--- INPUT MATERIAL ---

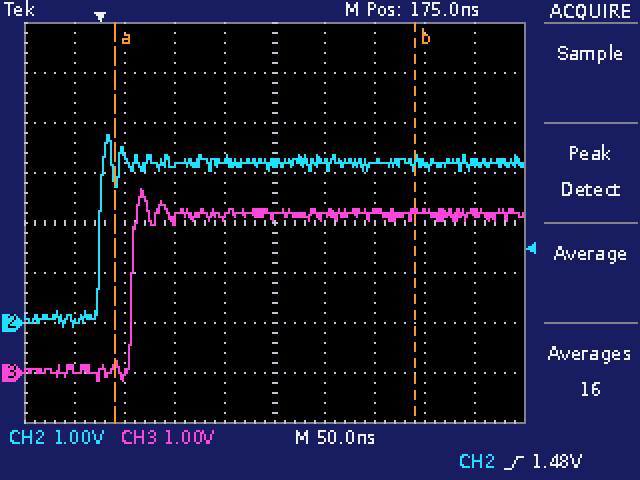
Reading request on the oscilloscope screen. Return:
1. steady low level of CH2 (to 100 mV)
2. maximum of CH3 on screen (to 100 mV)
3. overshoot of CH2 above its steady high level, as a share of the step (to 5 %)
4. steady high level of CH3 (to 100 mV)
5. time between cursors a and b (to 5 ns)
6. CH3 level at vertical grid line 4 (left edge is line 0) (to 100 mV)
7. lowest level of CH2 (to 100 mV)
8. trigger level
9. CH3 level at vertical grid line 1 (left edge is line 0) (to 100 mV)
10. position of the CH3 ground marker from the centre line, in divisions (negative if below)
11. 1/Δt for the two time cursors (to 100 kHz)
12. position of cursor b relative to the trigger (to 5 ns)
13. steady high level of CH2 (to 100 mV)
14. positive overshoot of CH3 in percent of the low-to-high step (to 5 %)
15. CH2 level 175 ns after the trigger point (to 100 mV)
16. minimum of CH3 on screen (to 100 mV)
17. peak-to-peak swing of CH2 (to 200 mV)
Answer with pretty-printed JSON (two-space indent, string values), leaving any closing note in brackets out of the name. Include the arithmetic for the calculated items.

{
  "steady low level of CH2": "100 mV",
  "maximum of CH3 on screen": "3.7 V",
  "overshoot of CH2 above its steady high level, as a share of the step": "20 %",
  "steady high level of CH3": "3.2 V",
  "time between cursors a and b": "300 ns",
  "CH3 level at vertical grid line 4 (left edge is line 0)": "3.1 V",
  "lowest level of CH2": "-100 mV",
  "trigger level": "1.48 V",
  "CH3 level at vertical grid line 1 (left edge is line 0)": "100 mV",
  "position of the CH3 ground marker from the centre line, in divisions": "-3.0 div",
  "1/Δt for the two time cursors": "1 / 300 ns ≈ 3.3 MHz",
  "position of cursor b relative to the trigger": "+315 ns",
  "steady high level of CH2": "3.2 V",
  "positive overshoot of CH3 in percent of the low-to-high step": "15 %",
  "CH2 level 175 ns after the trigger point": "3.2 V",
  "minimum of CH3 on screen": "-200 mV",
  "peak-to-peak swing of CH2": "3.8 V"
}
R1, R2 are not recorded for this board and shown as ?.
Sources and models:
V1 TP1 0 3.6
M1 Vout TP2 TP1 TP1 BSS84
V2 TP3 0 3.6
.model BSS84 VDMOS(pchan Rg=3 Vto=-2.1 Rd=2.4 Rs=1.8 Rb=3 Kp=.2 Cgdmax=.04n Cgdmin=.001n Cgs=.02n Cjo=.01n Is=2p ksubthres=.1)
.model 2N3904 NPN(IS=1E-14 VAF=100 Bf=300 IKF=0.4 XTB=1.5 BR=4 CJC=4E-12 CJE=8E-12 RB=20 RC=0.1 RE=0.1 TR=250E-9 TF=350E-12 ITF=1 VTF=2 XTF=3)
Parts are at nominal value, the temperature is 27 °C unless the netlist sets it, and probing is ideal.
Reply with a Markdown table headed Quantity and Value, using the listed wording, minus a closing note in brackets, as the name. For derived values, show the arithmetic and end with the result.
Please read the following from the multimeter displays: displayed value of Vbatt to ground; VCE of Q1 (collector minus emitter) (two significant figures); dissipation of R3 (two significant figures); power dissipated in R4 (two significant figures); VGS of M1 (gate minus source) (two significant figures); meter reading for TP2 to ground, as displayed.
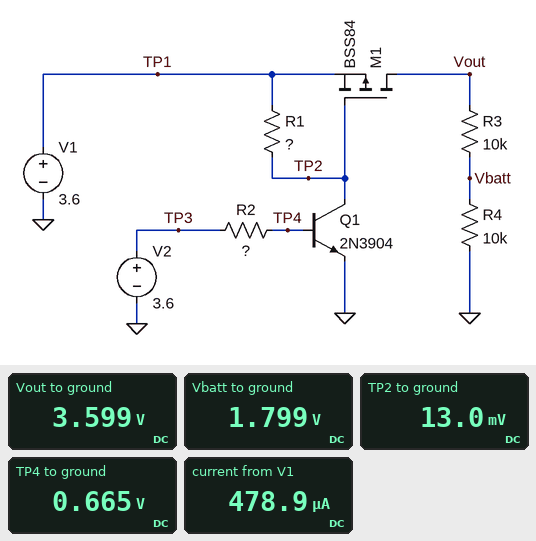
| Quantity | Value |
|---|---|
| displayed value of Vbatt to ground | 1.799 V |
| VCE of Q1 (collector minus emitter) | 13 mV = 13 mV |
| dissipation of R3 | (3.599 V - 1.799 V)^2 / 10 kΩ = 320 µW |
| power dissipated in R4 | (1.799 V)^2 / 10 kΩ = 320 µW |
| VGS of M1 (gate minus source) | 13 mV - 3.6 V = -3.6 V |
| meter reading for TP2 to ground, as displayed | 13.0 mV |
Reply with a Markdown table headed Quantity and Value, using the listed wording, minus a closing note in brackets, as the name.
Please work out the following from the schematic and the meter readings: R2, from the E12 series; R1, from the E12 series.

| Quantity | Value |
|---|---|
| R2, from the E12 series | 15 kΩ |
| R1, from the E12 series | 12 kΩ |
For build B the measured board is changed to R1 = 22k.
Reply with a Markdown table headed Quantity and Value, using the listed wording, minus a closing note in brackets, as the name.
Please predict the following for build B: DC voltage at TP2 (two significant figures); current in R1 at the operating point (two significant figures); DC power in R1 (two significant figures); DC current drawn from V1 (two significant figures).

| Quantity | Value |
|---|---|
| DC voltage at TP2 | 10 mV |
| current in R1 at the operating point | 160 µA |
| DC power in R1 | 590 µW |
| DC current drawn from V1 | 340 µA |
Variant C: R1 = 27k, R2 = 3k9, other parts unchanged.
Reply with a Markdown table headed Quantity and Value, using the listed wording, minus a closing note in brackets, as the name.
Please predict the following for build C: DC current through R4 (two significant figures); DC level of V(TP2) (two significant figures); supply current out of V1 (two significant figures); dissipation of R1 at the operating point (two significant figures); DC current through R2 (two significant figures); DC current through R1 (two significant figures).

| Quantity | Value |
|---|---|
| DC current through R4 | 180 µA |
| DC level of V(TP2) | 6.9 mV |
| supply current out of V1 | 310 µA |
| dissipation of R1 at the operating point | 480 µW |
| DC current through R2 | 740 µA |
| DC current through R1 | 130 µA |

---

» **WORK REQUIRED**:
The answer is the whole listing retyped exactly, with pictures omitted.

» **ANSWER TO THE EXERCISE**:
Reading request on the oscilloscope screen. Return:
1. steady low level of CH2 (to 100 mV)
2. maximum of CH3 on screen (to 100 mV)
3. overshoot of CH2 above its steady high level, as a share of the step (to 5 %)
4. steady high level of CH3 (to 100 mV)
5. time between cursors a and b (to 5 ns)
6. CH3 level at vertical grid line 4 (left edge is line 0) (to 100 mV)
7. lowest level of CH2 (to 100 mV)
8. trigger level
9. CH3 level at vertical grid line 1 (left edge is line 0) (to 100 mV)
10. position of the CH3 ground marker from the centre line, in divisions (negative if below)
11. 1/Δt for the two time cursors (to 100 kHz)
12. position of cursor b relative to the trigger (to 5 ns)
13. steady high level of CH2 (to 100 mV)
14. positive overshoot of CH3 in percent of the low-to-high step (to 5 %)
15. CH2 level 175 ns after the trigger point (to 100 mV)
16. minimum of CH3 on screen (to 100 mV)
17. peak-to-peak swing of CH2 (to 200 mV)
Answer with pretty-printed JSON (two-space indent, string values), leaving any closing note in brackets out of the name. Include the arithmetic for the calculated items.

{
  "steady low level of CH2": "100 mV",
  "maximum of CH3 on screen": "3.7 V",
  "overshoot of CH2 above its steady high level, as a share of the step": "20 %",
  "steady high level of CH3": "3.2 V",
  "time between cursors a and b": "300 ns",
  "CH3 level at vertical grid line 4 (left edge is line 0)": "3.1 V",
  "lowest level of CH2": "-100 mV",
  "trigger level": "1.48 V",
  "CH3 level at vertical grid line 1 (left edge is line 0)": "100 mV",
  "position of the CH3 ground marker from the centre line, in divisions": "-3.0 div",
  "1/Δt for the two time cursors": "1 / 300 ns ≈ 3.3 MHz",
  "position of cursor b relative to the trigger": "+315 ns",
  "steady high level of CH2": "3.2 V",
  "positive overshoot of CH3 in percent of the low-to-high step": "15 %",
  "CH2 level 175 ns after the trigger point": "3.2 V",
  "minimum of CH3 on screen": "-200 mV",
  "peak-to-peak swing of CH2": "3.8 V"
}
R1, R2 are not recorded for this board and shown as ?.
Sources and models:
V1 TP1 0 3.6
M1 Vout TP2 TP1 TP1 BSS84
V2 TP3 0 3.6
.model BSS84 VDMOS(pchan Rg=3 Vto=-2.1 Rd=2.4 Rs=1.8 Rb=3 Kp=.2 Cgdmax=.04n Cgdmin=.001n Cgs=.02n Cjo=.01n Is=2p ksubthres=.1)
.model 2N3904 NPN(IS=1E-14 VAF=100 Bf=300 IKF=0.4 XTB=1.5 BR=4 CJC=4E-12 CJE=8E-12 RB=20 RC=0.1 RE=0.1 TR=250E-9 TF=350E-12 ITF=1 VTF=2 XTF=3)
Parts are at nominal value, the temperature is 27 °C unless the netlist sets it, and probing is ideal.
Reply with a Markdown table headed Quantity and Value, using the listed wording, minus a closing note in brackets, as the name. For derived values, show the arithmetic and end with the result.
Please read the following from the multimeter displays: displayed value of Vbatt to ground; VCE of Q1 (collector minus emitter) (two significant figures); dissipation of R3 (two significant figures); power dissipated in R4 (two significant figures); VGS of M1 (gate minus source) (two significant figures); meter reading for TP2 to ground, as displayed.
| Quantity | Value |
|---|---|
| displayed value of Vbatt to ground | 1.799 V |
| VCE of Q1 (collector minus emitter) | 13 mV = 13 mV |
| dissipation of R3 | (3.599 V - 1.799 V)^2 / 10 kΩ = 320 µW |
| power dissipated in R4 | (1.799 V)^2 / 10 kΩ = 320 µW |
| VGS of M1 (gate minus source) | 13 mV - 3.6 V = -3.6 V |
| meter reading for TP2 to ground, as displayed | 13.0 mV |
Reply with a Markdown table headed Quantity and Value, using the listed wording, minus a closing note in brackets, as the name.
Please work out the following from the schematic and the meter readings: R2, from the E12 series; R1, from the E12 series.

| Quantity | Value |
|---|---|
| R2, from the E12 series | 15 kΩ |
| R1, from the E12 series | 12 kΩ |
For build B the measured board is changed to R1 = 22k.
Reply with a Markdown table headed Quantity and Value, using the listed wording, minus a closing note in brackets, as the name.
Please predict the following for build B: DC voltage at TP2 (two significant figures); current in R1 at the operating point (two significant figures); DC power in R1 (two significant figures); DC current drawn from V1 (two significant figures).

| Quantity | Value |
|---|---|
| DC voltage at TP2 | 10 mV |
| current in R1 at the operating point | 160 µA |
| DC power in R1 | 590 µW |
| DC current drawn from V1 | 340 µA |
Variant C: R1 = 27k, R2 = 3k9, other parts unchanged.
Reply with a Markdown table headed Quantity and Value, using the listed wording, minus a closing note in brackets, as the name.
Please predict the following for build C: DC current through R4 (two significant figures); DC level of V(TP2) (two significant figures); supply current out of V1 (two significant figures); dissipation of R1 at the operating point (two significant figures); DC current through R2 (two significant figures); DC current through R1 (two significant figures).

| Quantity | Value |
|---|---|
| DC current through R4 | 180 µA |
| DC level of V(TP2) | 6.9 mV |
| supply current out of V1 | 310 µA |
| dissipation of R1 at the operating point | 480 µW |
| DC current through R2 | 740 µA |
| DC current through R1 | 130 µA |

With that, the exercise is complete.